* [EXERCISE GOAL]
Through the end of the data below, output every line exactly, beginning with the line that contains "Next, the car (727,263,811,289).".

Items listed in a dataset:
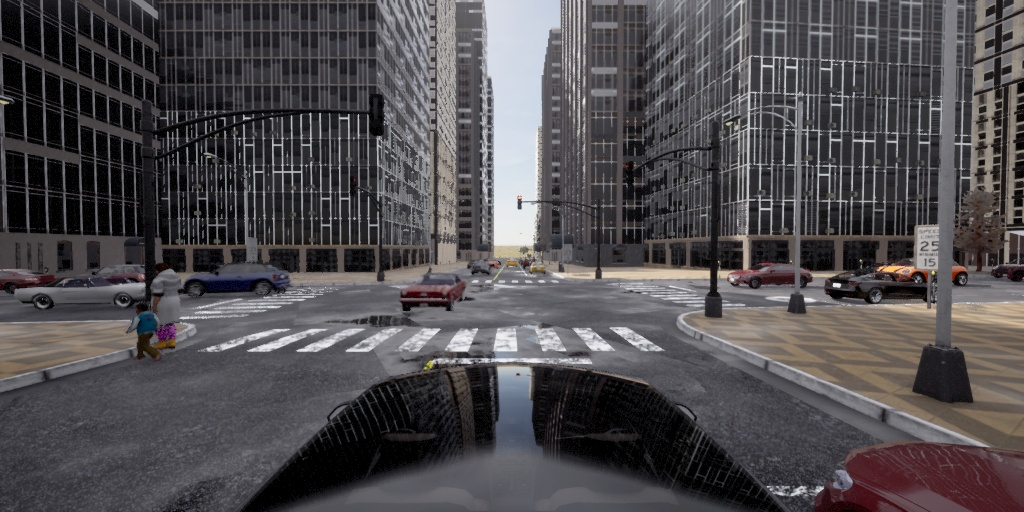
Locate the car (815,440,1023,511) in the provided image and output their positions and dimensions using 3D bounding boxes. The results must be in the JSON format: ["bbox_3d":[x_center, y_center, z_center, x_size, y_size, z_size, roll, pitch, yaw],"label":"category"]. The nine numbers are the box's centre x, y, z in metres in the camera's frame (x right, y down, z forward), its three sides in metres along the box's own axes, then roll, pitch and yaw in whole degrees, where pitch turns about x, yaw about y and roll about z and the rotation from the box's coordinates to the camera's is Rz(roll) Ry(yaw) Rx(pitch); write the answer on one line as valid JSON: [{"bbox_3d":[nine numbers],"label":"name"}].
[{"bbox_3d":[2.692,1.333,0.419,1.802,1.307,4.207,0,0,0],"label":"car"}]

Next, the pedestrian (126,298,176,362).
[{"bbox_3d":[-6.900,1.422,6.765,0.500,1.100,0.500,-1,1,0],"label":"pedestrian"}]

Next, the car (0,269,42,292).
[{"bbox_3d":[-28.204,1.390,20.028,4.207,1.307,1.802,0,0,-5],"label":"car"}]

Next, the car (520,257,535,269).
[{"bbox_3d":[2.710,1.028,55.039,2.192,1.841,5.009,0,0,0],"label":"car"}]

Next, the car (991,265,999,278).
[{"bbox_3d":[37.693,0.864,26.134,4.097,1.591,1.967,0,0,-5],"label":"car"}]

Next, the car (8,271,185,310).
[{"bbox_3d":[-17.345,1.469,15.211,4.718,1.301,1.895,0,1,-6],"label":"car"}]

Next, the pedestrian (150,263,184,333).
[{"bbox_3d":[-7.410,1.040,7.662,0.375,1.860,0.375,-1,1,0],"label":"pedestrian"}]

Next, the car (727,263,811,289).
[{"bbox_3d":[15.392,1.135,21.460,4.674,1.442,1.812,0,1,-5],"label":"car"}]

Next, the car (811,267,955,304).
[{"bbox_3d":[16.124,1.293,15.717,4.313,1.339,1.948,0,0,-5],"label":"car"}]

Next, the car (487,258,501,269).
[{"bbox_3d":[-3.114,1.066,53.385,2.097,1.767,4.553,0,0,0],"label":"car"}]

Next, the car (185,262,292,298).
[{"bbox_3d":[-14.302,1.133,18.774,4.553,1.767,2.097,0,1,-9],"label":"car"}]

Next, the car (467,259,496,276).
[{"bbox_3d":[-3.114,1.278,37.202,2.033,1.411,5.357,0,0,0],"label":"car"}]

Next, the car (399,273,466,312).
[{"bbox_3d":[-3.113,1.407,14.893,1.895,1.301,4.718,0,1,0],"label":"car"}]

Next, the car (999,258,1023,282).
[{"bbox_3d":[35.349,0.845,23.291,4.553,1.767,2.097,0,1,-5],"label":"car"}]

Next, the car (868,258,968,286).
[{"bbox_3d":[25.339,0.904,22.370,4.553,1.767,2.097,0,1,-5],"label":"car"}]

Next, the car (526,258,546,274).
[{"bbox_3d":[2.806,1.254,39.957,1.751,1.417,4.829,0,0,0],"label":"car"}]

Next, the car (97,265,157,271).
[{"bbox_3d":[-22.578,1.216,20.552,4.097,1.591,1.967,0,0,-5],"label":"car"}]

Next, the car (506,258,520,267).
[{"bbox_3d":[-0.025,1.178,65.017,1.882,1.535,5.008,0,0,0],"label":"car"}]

* [OUTPUT]
Next, the car (727,263,811,289).
[{"bbox_3d":[15.392,1.135,21.460,4.674,1.442,1.812,0,1,-5],"label":"car"}]

Next, the car (811,267,955,304).
[{"bbox_3d":[16.124,1.293,15.717,4.313,1.339,1.948,0,0,-5],"label":"car"}]

Next, the car (487,258,501,269).
[{"bbox_3d":[-3.114,1.066,53.385,2.097,1.767,4.553,0,0,0],"label":"car"}]

Next, the car (185,262,292,298).
[{"bbox_3d":[-14.302,1.133,18.774,4.553,1.767,2.097,0,1,-9],"label":"car"}]

Next, the car (467,259,496,276).
[{"bbox_3d":[-3.114,1.278,37.202,2.033,1.411,5.357,0,0,0],"label":"car"}]

Next, the car (399,273,466,312).
[{"bbox_3d":[-3.113,1.407,14.893,1.895,1.301,4.718,0,1,0],"label":"car"}]

Next, the car (999,258,1023,282).
[{"bbox_3d":[35.349,0.845,23.291,4.553,1.767,2.097,0,1,-5],"label":"car"}]

Next, the car (868,258,968,286).
[{"bbox_3d":[25.339,0.904,22.370,4.553,1.767,2.097,0,1,-5],"label":"car"}]

Next, the car (526,258,546,274).
[{"bbox_3d":[2.806,1.254,39.957,1.751,1.417,4.829,0,0,0],"label":"car"}]

Next, the car (97,265,157,271).
[{"bbox_3d":[-22.578,1.216,20.552,4.097,1.591,1.967,0,0,-5],"label":"car"}]

Next, the car (506,258,520,267).
[{"bbox_3d":[-0.025,1.178,65.017,1.882,1.535,5.008,0,0,0],"label":"car"}]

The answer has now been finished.